3.3. Proposed Classification Methods

To perform machine learning-type classification logistic regression (LR), decision tree (DT), random forest (RF), XGBoost (XGB), and hybrid voting classifier (HVC) methods were used. Logistic regression is a simple and efficient procedure for binary and linear classifications of problems. It includes a classification model, which achieves very good performance with linearly separable classes. It is an extensively employed algorithm for classifications in industry. The logistic regression model can also be used as a statistical method for binary classifications that can be generalized to multi-class classifications. In this study, Scikit-learn was applied as it has a highly optimized version of logistic regression implementation that supports multi-class classification tasks that fit well to three-class-based LOs [21].

Decision trees are a non-parametric supervised machine learning method used for establishing classification systems based on multiple covariates or for developing prediction algorithms for a target variable [22]. This technique involves the creation of a model that is able to predict the value of a target variable by simple decision-rules learning inferred from data features. It classifies a set of data into branch-like segments that construct an inverted tree with a root node, internal nodes, and leaf nodes. The algorithm is a non-parametric type and can work with large, complicated datasets without imposing a complicated parametric structure. When the sample size is large enough, classified data can be split into training and test samples. The former sample can be utilized to build a decision tree model while the latter supports the decision on the appropriate tree size needed to achieve the optimal final model.
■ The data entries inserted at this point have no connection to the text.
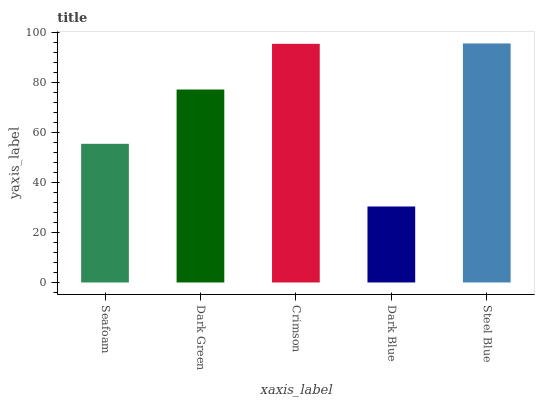Is Dark Green the minimum?
Answer yes or no. No. Is Dark Green the maximum?
Answer yes or no. No. Is Dark Green greater than Seafoam?
Answer yes or no. Yes. Is Seafoam less than Dark Green?
Answer yes or no. Yes. Is Seafoam greater than Dark Green?
Answer yes or no. No. Is Dark Green less than Seafoam?
Answer yes or no. No. Is Dark Green the high median?
Answer yes or no. Yes. Is Dark Green the low median?
Answer yes or no. Yes. Is Seafoam the high median?
Answer yes or no. No. Is Steel Blue the low median?
Answer yes or no. No. 
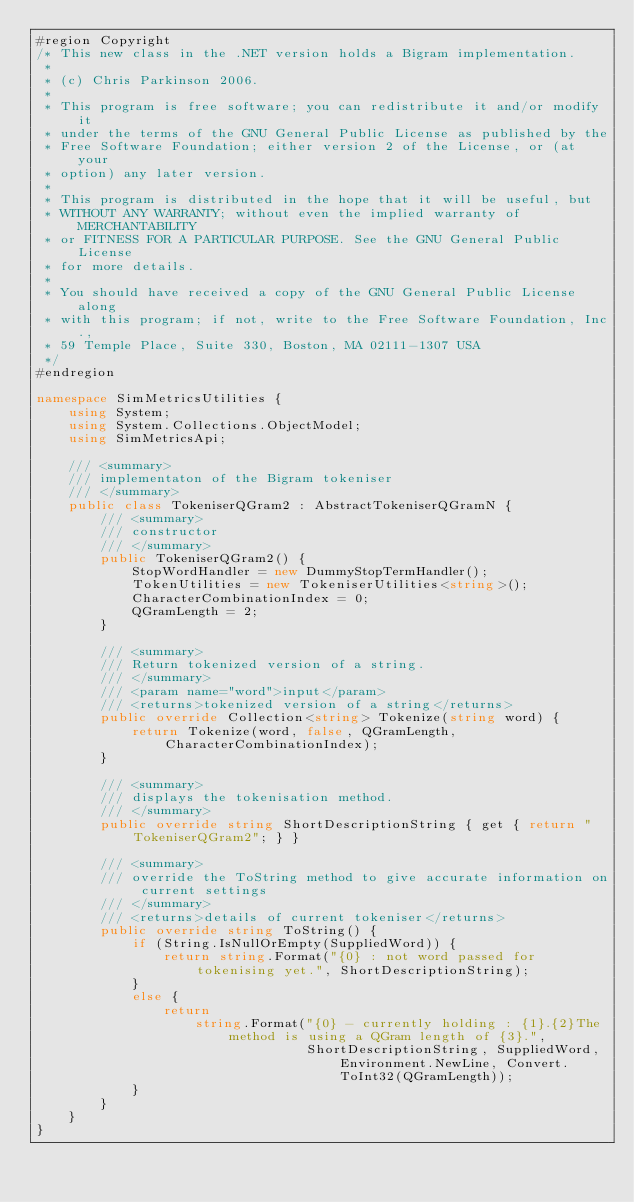<code> <loc_0><loc_0><loc_500><loc_500><_C#_>#region Copyright
/* This new class in the .NET version holds a Bigram implementation.
 * 
 * (c) Chris Parkinson 2006.
 *
 * This program is free software; you can redistribute it and/or modify it
 * under the terms of the GNU General Public License as published by the
 * Free Software Foundation; either version 2 of the License, or (at your
 * option) any later version.
 *
 * This program is distributed in the hope that it will be useful, but
 * WITHOUT ANY WARRANTY; without even the implied warranty of MERCHANTABILITY
 * or FITNESS FOR A PARTICULAR PURPOSE. See the GNU General Public License
 * for more details.
 *
 * You should have received a copy of the GNU General Public License along
 * with this program; if not, write to the Free Software Foundation, Inc.,
 * 59 Temple Place, Suite 330, Boston, MA 02111-1307 USA
 */
#endregion

namespace SimMetricsUtilities {
    using System;
    using System.Collections.ObjectModel;
    using SimMetricsApi;

    /// <summary>
    /// implementaton of the Bigram tokeniser
    /// </summary>
    public class TokeniserQGram2 : AbstractTokeniserQGramN {
        /// <summary>
        /// constructor
        /// </summary>
        public TokeniserQGram2() {
            StopWordHandler = new DummyStopTermHandler();
            TokenUtilities = new TokeniserUtilities<string>();
            CharacterCombinationIndex = 0;
            QGramLength = 2;
        }

        /// <summary>
        /// Return tokenized version of a string.
        /// </summary>
        /// <param name="word">input</param>
        /// <returns>tokenized version of a string</returns>
        public override Collection<string> Tokenize(string word) {
            return Tokenize(word, false, QGramLength, CharacterCombinationIndex);
        }

        /// <summary>
        /// displays the tokenisation method.
        /// </summary>
        public override string ShortDescriptionString { get { return "TokeniserQGram2"; } }

        /// <summary>
        /// override the ToString method to give accurate information on current settings
        /// </summary>
        /// <returns>details of current tokeniser</returns>
        public override string ToString() {
            if (String.IsNullOrEmpty(SuppliedWord)) {
                return string.Format("{0} : not word passed for tokenising yet.", ShortDescriptionString);
            }
            else {
                return
                    string.Format("{0} - currently holding : {1}.{2}The method is using a QGram length of {3}.",
                                  ShortDescriptionString, SuppliedWord, Environment.NewLine, Convert.ToInt32(QGramLength));
            }
        }
    }
}</code>

Random forests are a hybrid of three different predictors, where each tree depends on the values of a random vector sampled independently and with the same distribution for all trees in the forest [22]. The generalization error for forests converges to a limit when the number of trees in the forest increases. The generalization error of a forest of tree classifiers depends on the strength of the individual trees in the forest and the correlation between them. Typically, a random selection of features used to split each node is more robust with respect to noise. Internal estimates of this method monitor error, strength, and correlation. These parameters are used to show the response to increasing the number of features used in the splitting. Internal estimates are also used to measure variable importance. These ideas are also applicable to regression.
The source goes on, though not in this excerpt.